Saluons le travail de l'équipe du Vingtième Théâtre présentant ces dernières années à des prix très modiques un répertoire varié et souvent excellent.
Les Caprices de Marianne de Musset à l'affiche sont un vrai régal, en grande partie par la redécouverte qu'ils permettent d'un texte fabuleusement moderne.
Le fond carnavalesque de Venise constitue avec ses pitreries grossières une prémonition caricaturale de ce qui lie les protagonistes : amours et amitiés contrariées.
La belle tirade d'Octave à la fin qui a tout perdu avec son ami Coelio, tué à sa place, est ainsi préfigurée au début, sur le mode dérisoire, par un simulacre grotesque de coït entre deux masques masculins.
Analysée dans un style étincelant où les images en cascade révèlent des tréfonds psychologiques la condition des femmes -et des hommes - dans le rapport amoureux est le sujet principal de la pièce.
À la sortie du théâtre un dialogue avec l'actrice interprétant Marianne a confirmé mon impression - la sienne - d'une permanence de ces interrogations sur le sens de l'amour que les hommes prétendent nous porter.
Là où l'inégalité sociale fait que les plus riches boivent les meilleurs vins, comment se fait-il, se demande l’héroïne, que la plupart des hommes cherchent indifféremment la prostituée en toute femme ? Sans doute les contraintes rigides de l'époque - et parmi elles la prison économique que continuent d'être la plupart des mariages - donnent-elles encore plus d'acuité au constat.
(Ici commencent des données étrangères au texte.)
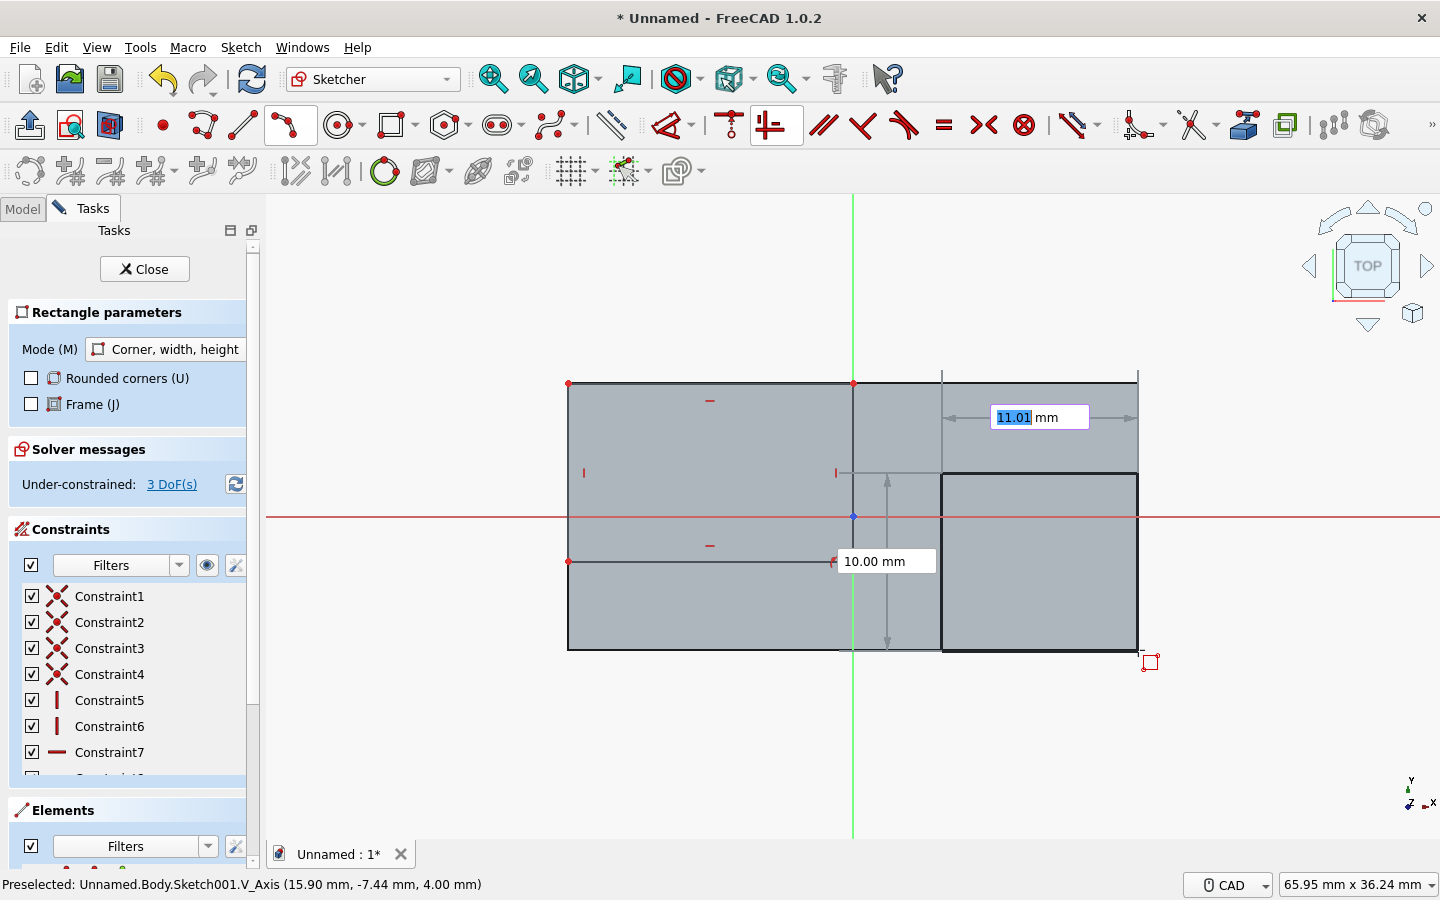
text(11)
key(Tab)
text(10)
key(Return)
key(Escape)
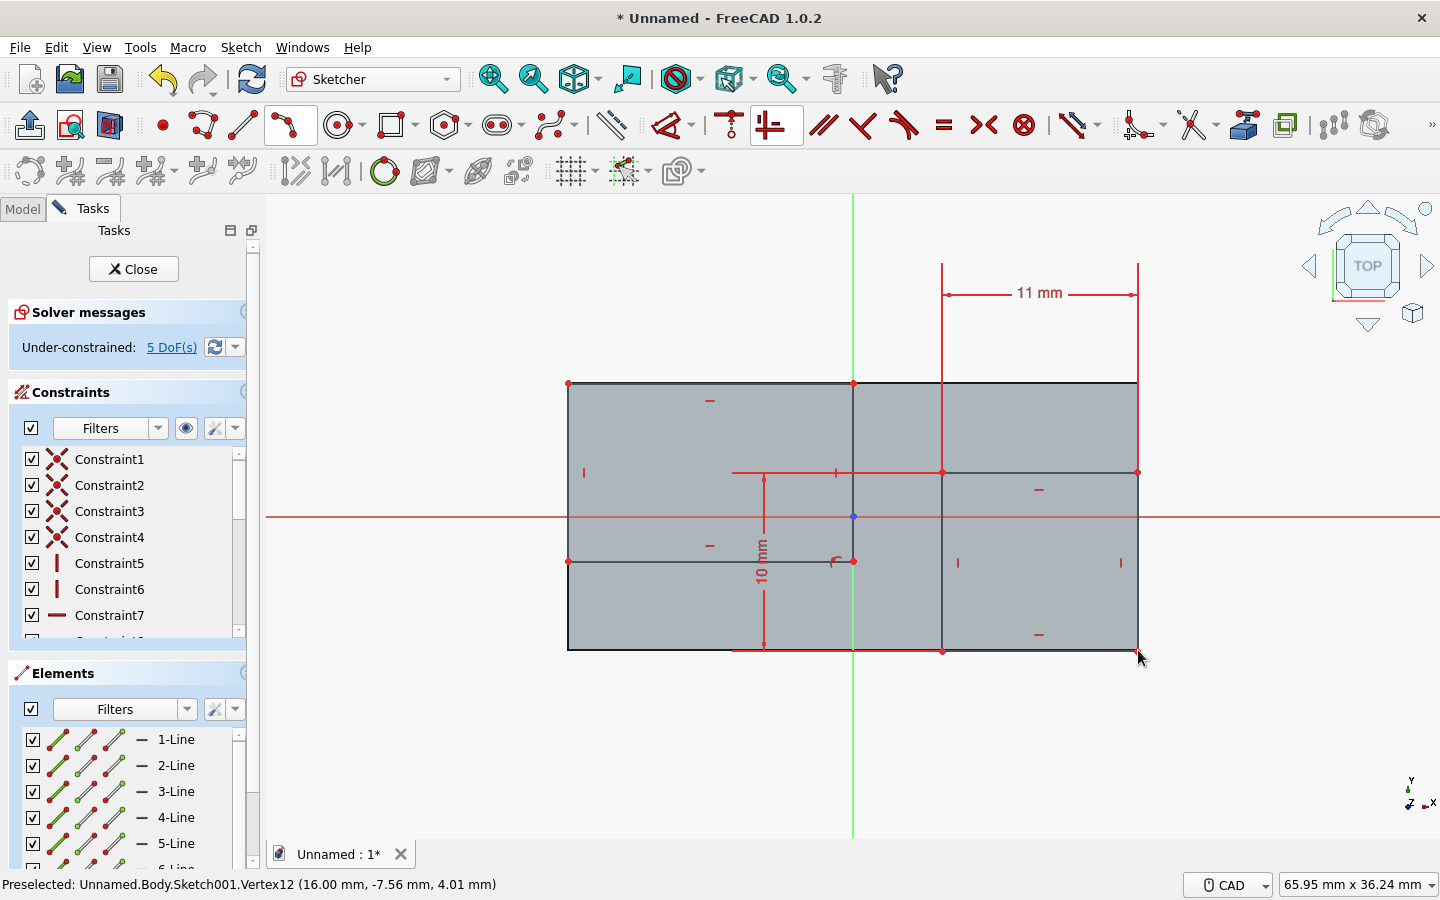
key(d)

Mais il reste dans notre société quelque chose de ce "traitement" d'un genre par l'autre.
Aussi, hélas, d'une forme plus violente encore de ce mépris déguisé en amour : les violences conjugales que le metteur en scène met cruement en lumière. Marianne se révolte trop tard contre le sort qui lui est fait, s'arrachant le corset de respectabilité qu'Octave oppose à la "miséricorde" de femmes plus humbles, même si elles font payer leurs caresses… tirade qu'on peut entendre comme un hommage au peuple.
Elle perd tou t: mari, fortune, et surtout amours potentielles que l'éducation reçue au couvent, sa fréquentation de l’Église, sa docilité au conformisme lui ont interdites.
À Octave il reste l'amour pour son double Coelio, et ce n'est pas rien.
Coelio à Octave : "Comme tu es heureux d'être fou !".
Octave : "Comme tu es fou de ne pas être heureux !".
On sort de cette représentation la tête bruissante de réflexions où le féminisme et les luttes à poursuivre ont une grande part ; mais aussi l'intégrité de l'engagement amical, son total désintéressement qui ravive l'espoir en l'humain.